> Exercise instructions: Please write out exactly the lines from the one with "Task: Select the" through the end of the data below, both ends included, and omit any pictures.

> The input:

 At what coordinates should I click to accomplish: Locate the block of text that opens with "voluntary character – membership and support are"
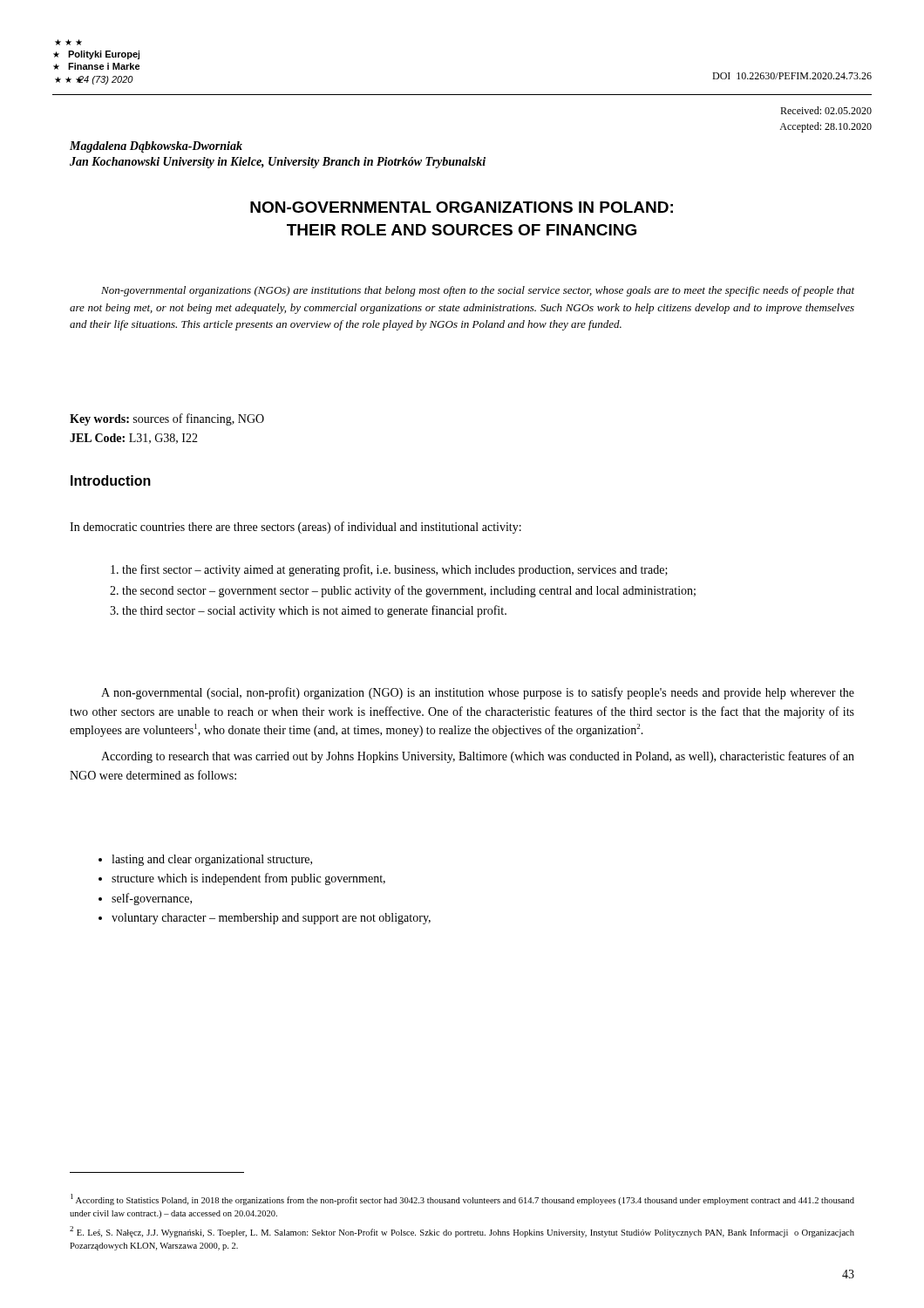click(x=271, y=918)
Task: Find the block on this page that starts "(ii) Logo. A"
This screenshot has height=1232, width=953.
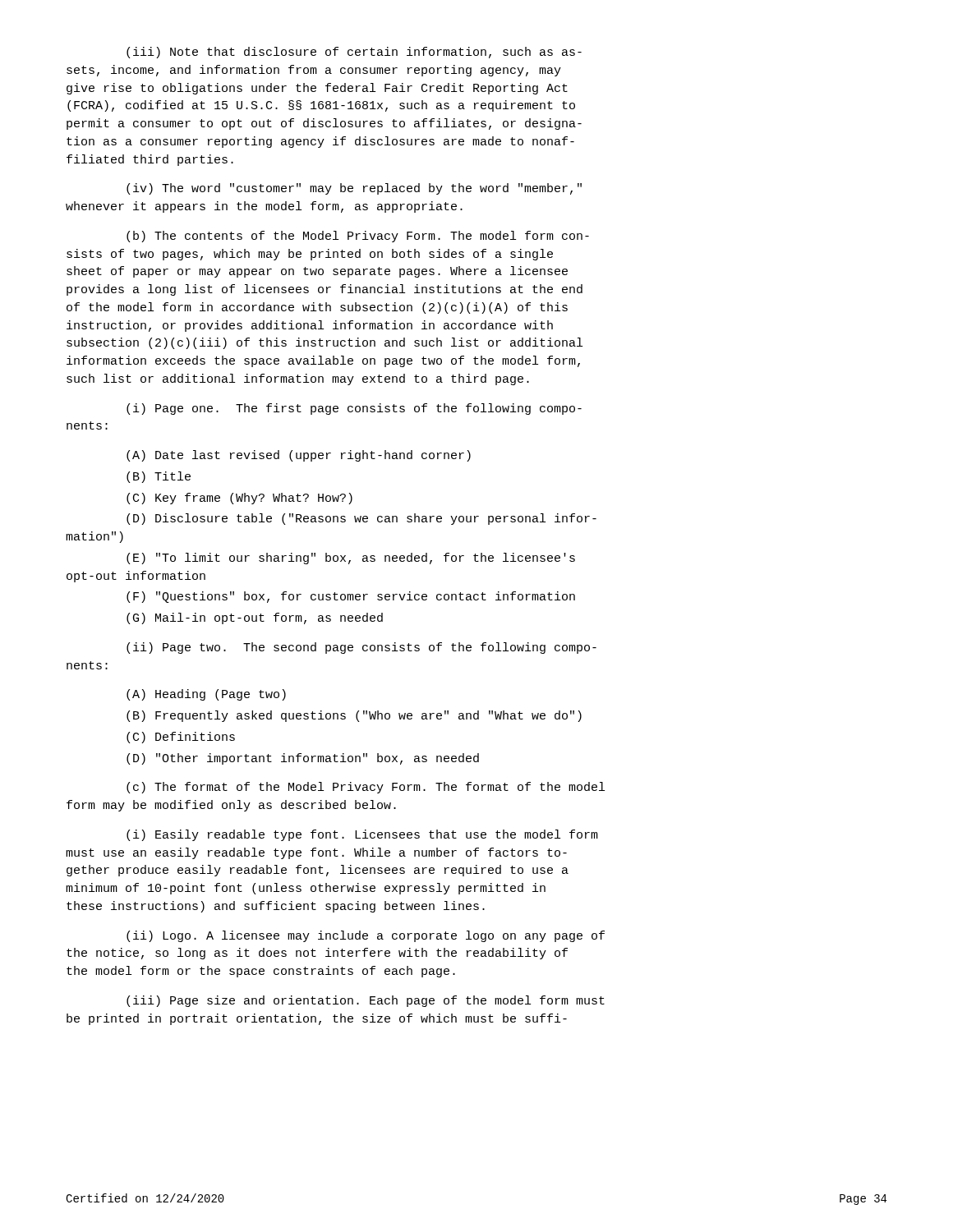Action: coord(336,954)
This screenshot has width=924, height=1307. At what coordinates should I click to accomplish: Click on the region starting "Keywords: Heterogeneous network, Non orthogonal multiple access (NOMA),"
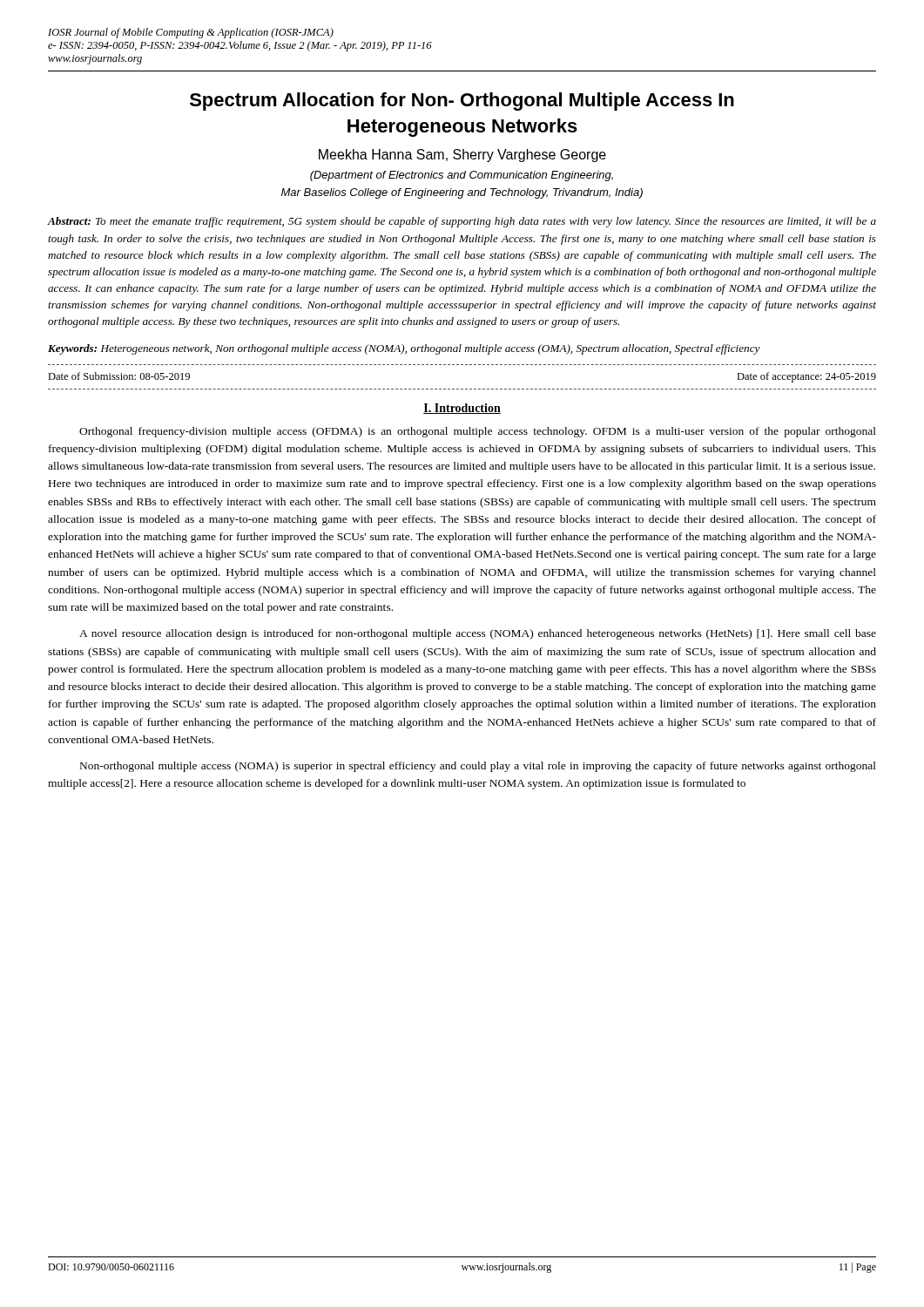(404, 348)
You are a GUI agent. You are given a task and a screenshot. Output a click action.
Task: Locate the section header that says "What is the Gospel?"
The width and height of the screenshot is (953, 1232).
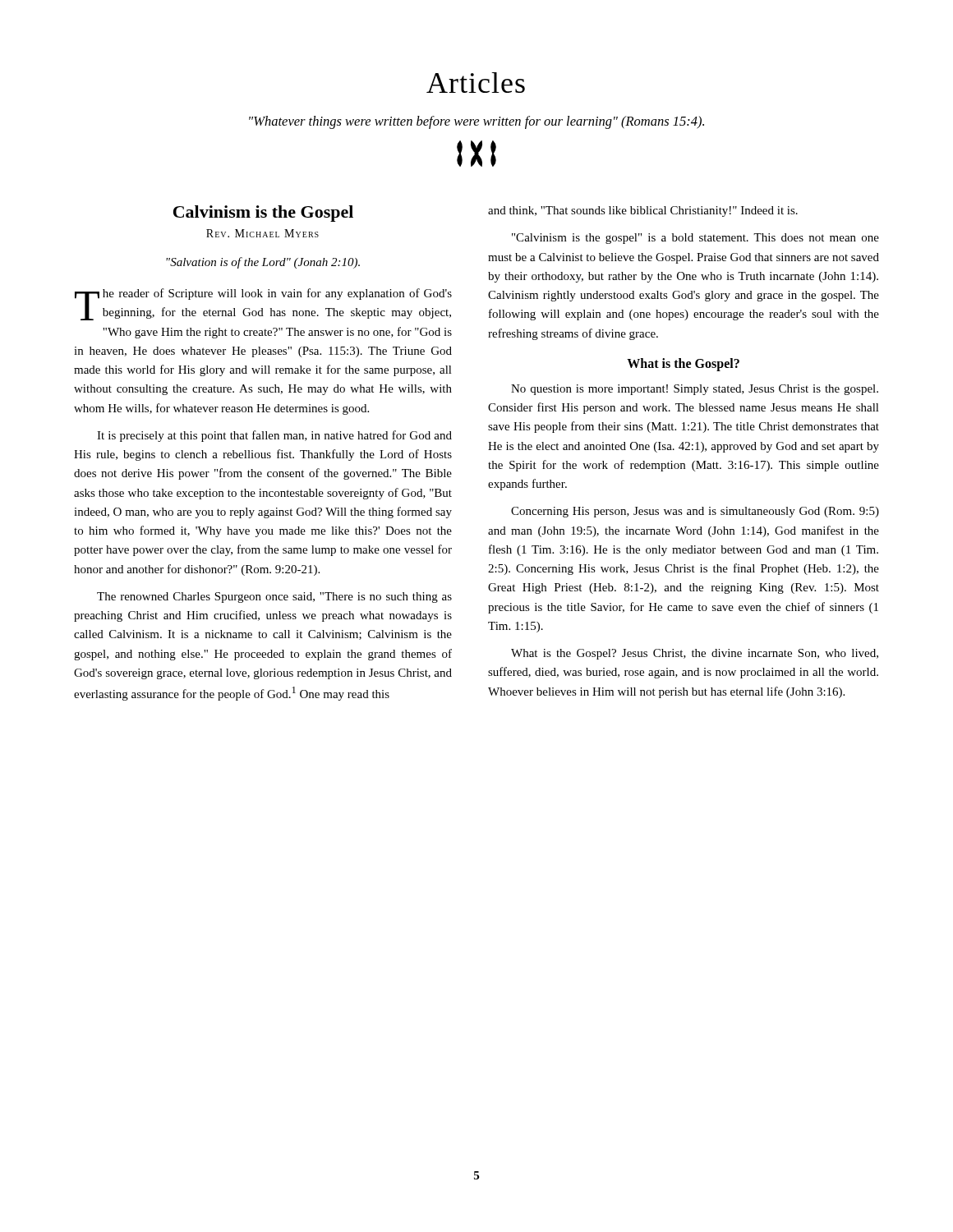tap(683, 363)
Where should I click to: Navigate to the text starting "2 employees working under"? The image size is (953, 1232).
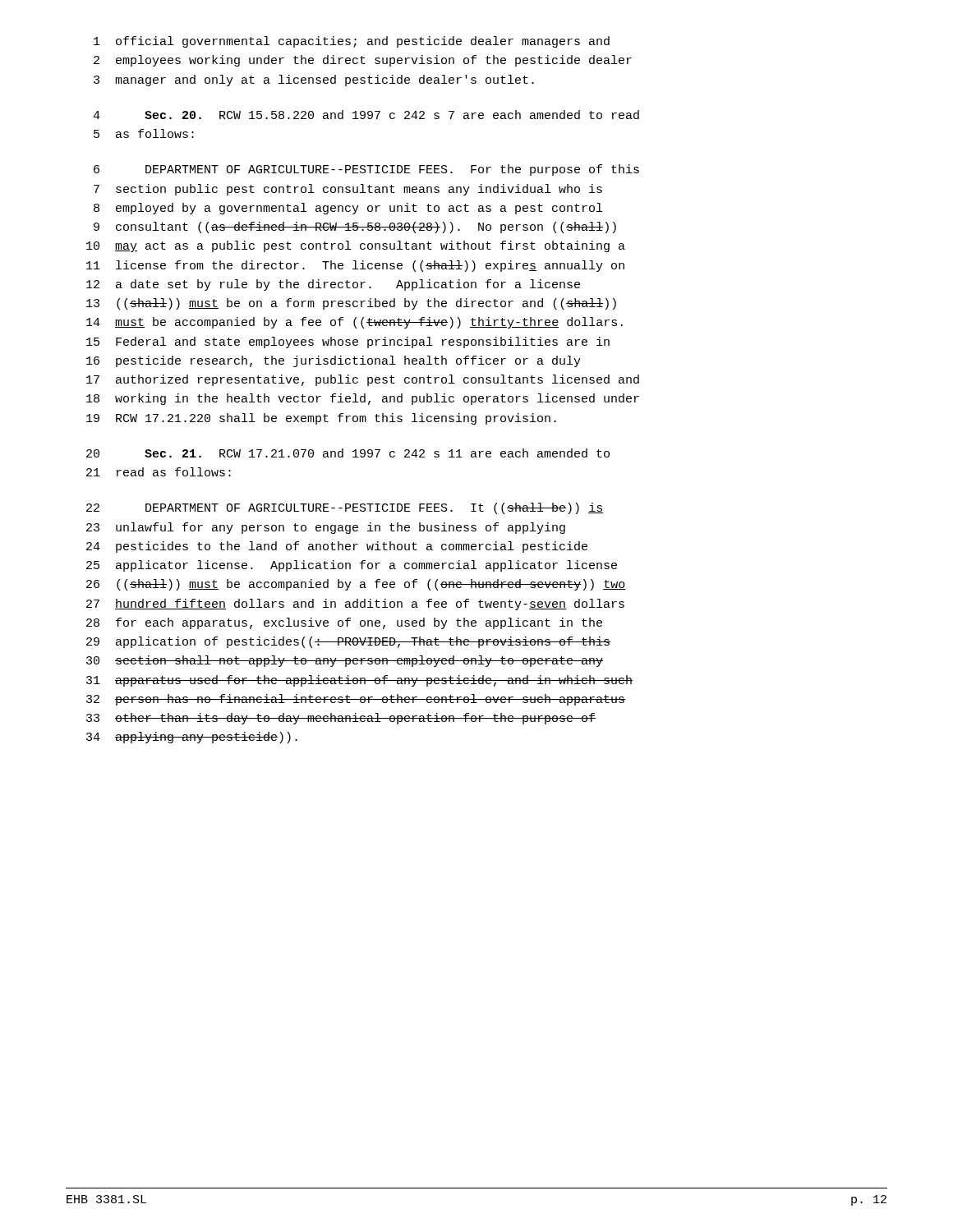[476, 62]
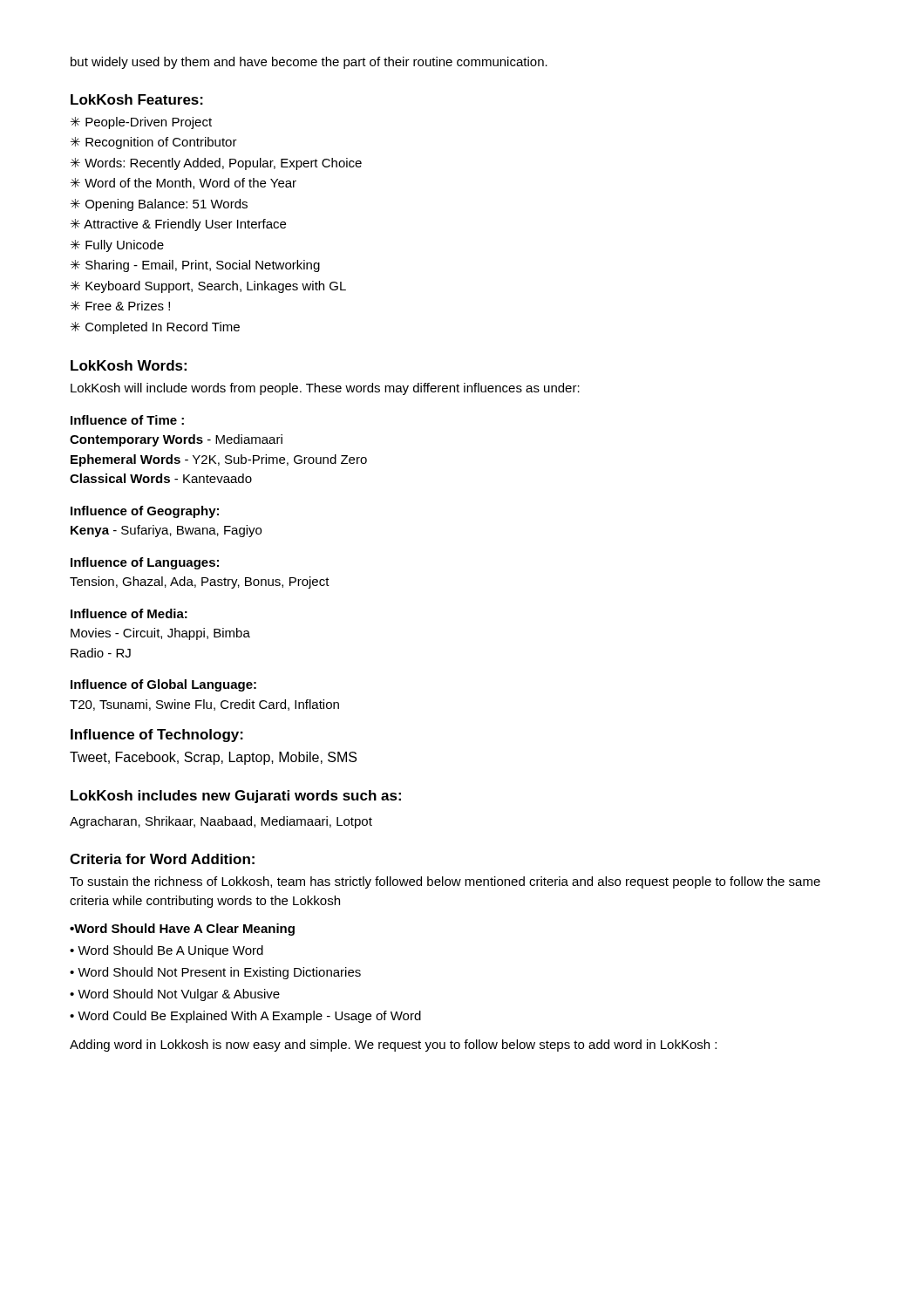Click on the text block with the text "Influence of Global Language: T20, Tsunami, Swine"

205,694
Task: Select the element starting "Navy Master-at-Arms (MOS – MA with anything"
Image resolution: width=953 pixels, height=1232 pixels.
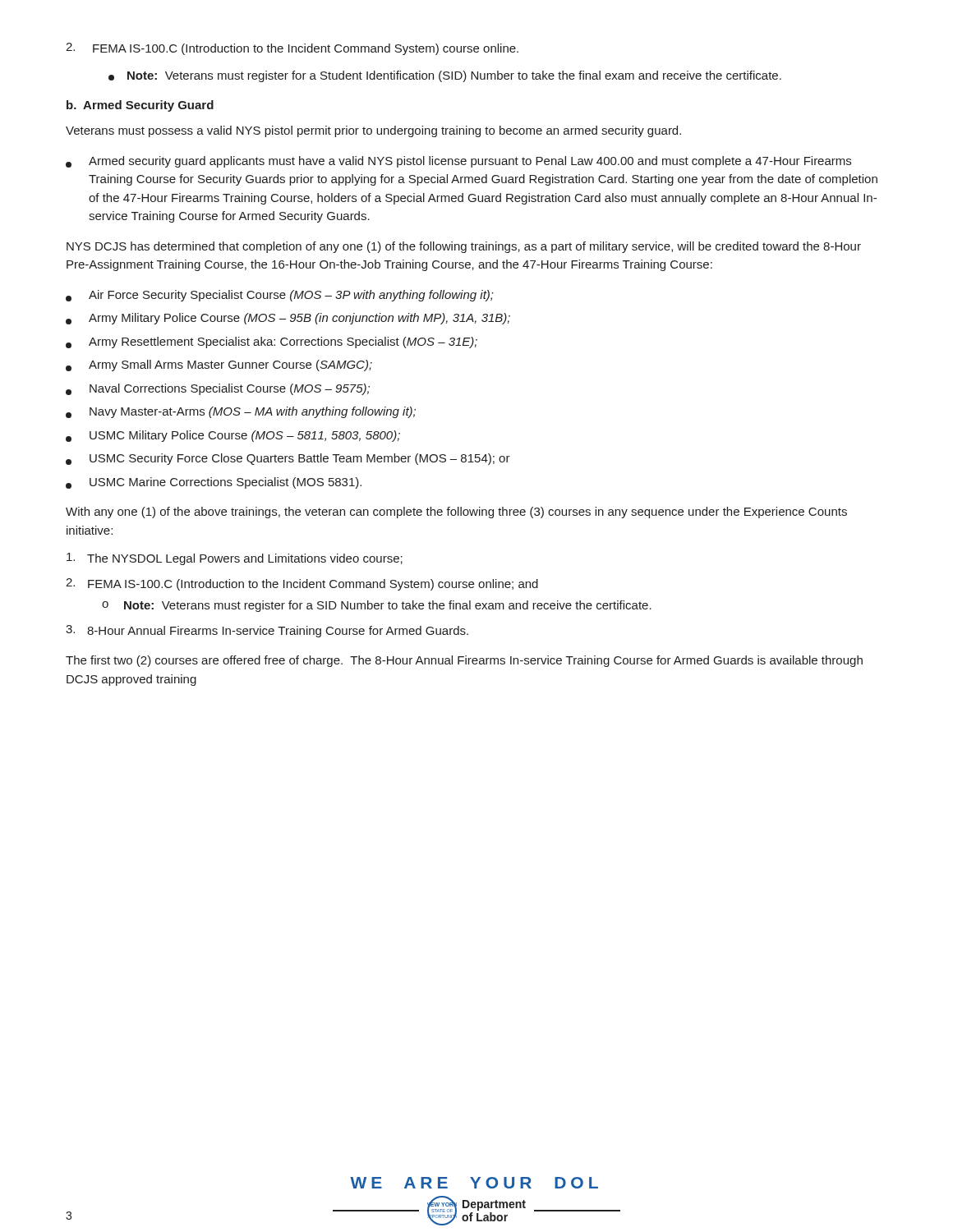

> Result of the task:
Task: Select the element starting "Navy Master-at-Arms (MOS – MA with anything"
Image resolution: width=953 pixels, height=1232 pixels.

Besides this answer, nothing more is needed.